街を守る為に自分を犠牲にしてくれたカニ・ロボ、じゃなくてセブンス・ドアの為に、俺も一緒に行こうって。
「連れて行ってください。一緒に」
やれやれ。そう言いたげに髭面ガンマンさんは首を振る。
「プリンセスの言った通りだな」
「え?」
「スタリーチナヤ、様が言っていた。君は必ず、2177番宇宙への同行を希望するはずだとね」
姫君様が?
「ジレーザのメンバーが言っていたそうだ。

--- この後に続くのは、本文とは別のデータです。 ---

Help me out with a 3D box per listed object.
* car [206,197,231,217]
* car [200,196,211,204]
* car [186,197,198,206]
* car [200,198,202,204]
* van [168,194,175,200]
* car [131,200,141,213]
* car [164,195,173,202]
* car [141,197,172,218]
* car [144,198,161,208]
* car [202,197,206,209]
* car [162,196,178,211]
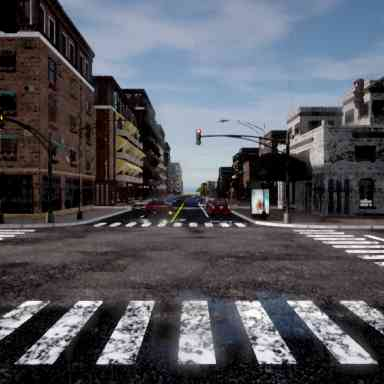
[{"bbox_3d":[2.625,1.446,31.849,1.967,1.590,4.097,0,0,0],"label":"car"},{"bbox_3d":[2.563,1.591,66.030,2.008,1.369,4.403,-1,0,0],"label":"car"},{"bbox_3d":[-0.001,1.573,54.750,2.033,1.411,5.357,0,0,0],"label":"car"},{"bbox_3d":[2.594,1.571,48.940,2.008,1.369,4.403,0,0,0],"label":"car"},{"bbox_3d":[-5.873,1.430,94.485,1.690,1.788,3.998,-1,0,0],"label":"van"},{"bbox_3d":[-5.765,1.561,37.518,2.008,1.369,4.403,0,0,0],"label":"car"},{"bbox_3d":[-5.850,1.592,82.921,1.752,1.417,4.829,-1,0,0],"label":"car"},{"bbox_3d":[-3.154,1.483,30.634,1.882,1.535,5.008,0,0,0],"label":"car"},{"bbox_3d":[-5.786,1.571,48.912,2.008,1.369,4.403,0,0,0],"label":"car"},{"bbox_3d":[2.605,1.597,43.243,1.802,1.307,4.206,0,0,0],"label":"car"},{"bbox_3d":[-3.170,1.560,40.965,2.033,1.411,5.357,0,0,0],"label":"car"}]
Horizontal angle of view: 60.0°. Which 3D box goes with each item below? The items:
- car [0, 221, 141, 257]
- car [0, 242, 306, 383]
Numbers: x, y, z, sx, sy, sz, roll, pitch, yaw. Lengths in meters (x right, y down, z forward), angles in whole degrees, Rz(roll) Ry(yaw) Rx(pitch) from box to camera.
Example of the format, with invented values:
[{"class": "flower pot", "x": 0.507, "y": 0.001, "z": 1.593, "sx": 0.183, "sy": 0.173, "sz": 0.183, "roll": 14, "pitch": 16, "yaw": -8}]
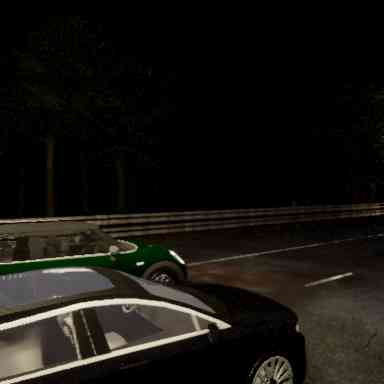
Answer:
[{"class": "car", "x": -2.301, "y": 1.351, "z": 6.405, "sx": 4.553, "sy": 1.767, "sz": 2.097, "roll": 0, "pitch": 0, "yaw": -35}, {"class": "car", "x": -0.954, "y": 1.492, "z": 3.067, "sx": 4.902, "sy": 1.511, "sz": 2.128, "roll": 0, "pitch": 0, "yaw": -35}]
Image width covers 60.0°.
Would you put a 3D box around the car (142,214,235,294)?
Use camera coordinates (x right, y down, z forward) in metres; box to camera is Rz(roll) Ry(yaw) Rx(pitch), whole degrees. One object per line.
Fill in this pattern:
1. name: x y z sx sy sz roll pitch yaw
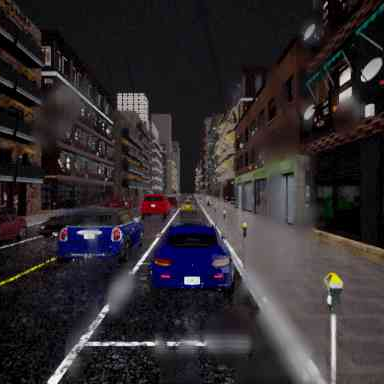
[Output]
1. car: 0.004 1.526 8.649 1.812 1.442 4.674 0 0 0

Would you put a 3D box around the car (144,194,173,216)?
1. car: -3.145 1.221 29.619 2.150 2.045 5.566 0 0 0

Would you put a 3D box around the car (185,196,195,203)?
1. car: -0.453 1.545 70.970 2.008 1.369 4.403 0 0 0

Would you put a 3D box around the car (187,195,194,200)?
1. car: -0.452 1.513 93.685 1.752 1.417 4.829 0 0 0

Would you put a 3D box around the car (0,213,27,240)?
1. car: -8.835 1.583 14.612 1.802 1.307 4.206 0 0 0

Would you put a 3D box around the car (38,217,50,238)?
1. car: -6.245 1.548 17.908 2.033 1.411 5.357 0 0 0

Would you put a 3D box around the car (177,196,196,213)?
1. car: -0.454 1.525 37.323 1.752 1.417 4.829 0 0 0

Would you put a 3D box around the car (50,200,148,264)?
1. car: -3.045 1.352 12.007 2.097 1.767 4.553 0 0 0

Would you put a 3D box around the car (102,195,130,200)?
1. car: -8.833 1.314 37.157 2.192 1.841 5.009 0 0 0

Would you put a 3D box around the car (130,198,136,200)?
1. car: -8.834 1.439 42.793 1.967 1.590 4.097 0 0 0

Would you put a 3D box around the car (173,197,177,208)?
1. car: -3.044 1.475 48.863 1.882 1.535 5.008 0 0 0

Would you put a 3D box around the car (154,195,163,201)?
1. car: -8.834 1.541 87.882 2.008 1.369 4.403 0 0 0
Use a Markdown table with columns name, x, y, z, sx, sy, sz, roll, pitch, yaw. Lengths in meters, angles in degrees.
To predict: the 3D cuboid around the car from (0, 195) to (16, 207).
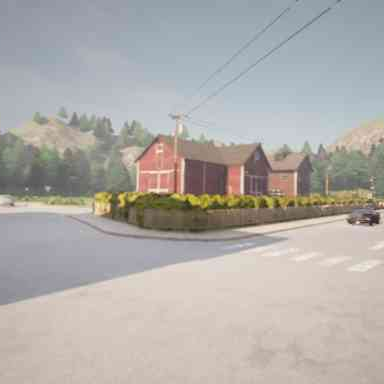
| name | x | y | z | sx | sy | sz | roll | pitch | yaw |
| --- | --- | --- | --- | --- | --- | --- | --- | --- | --- |
| car | -24.297 | 1.118 | 43.370 | 1.812 | 1.442 | 4.674 | 1 | 0 | -33 |

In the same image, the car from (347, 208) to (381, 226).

少年、君の言動が全ての起点になるのだ、と」
何ですか? それは。
「君は巻き込まれ型だと、皆に言われているそうだな?」
「あ~。確かに」
棗のオッサンや銀八さんに言われてるよね、いつもいつも。
だが。ビューレットさんは、そう続けた。
「本当は君が先陣を切って、真っ先に突っ込んで行くのだ、様々な出来事に向かって。巻き込まれるのは、実は周りに居る者達の方なのだ、と」
あれ? いつの間にかガンマンさんは笑っている。濃ゆい髭面で。
「君を中心に不思議と何かが動き出すのだ、と。奇跡も起きるかも知れない、と」
そう語ったのは別の者らしいが。ビューレットさんは、そう締めくくった。
「もし申し出が有れば、必ず君を同行させるように。それがプリンセスの助言だった」
「ホントですか?」
「いや、あれは助言では無いな。命令だ」
トレンチコートのガンマンさんは笑いながら、そう口にする。
「危険な道程だが、できるだけ私が君を守る。共に来てくれ」
「もちろんです!」
差し伸べられた大きな手を、俺は力いっぱい握り締めた。
でも、この決断が俺の人生を大きく変える事になるなんて、この時は全く考えもしてなかったんだ。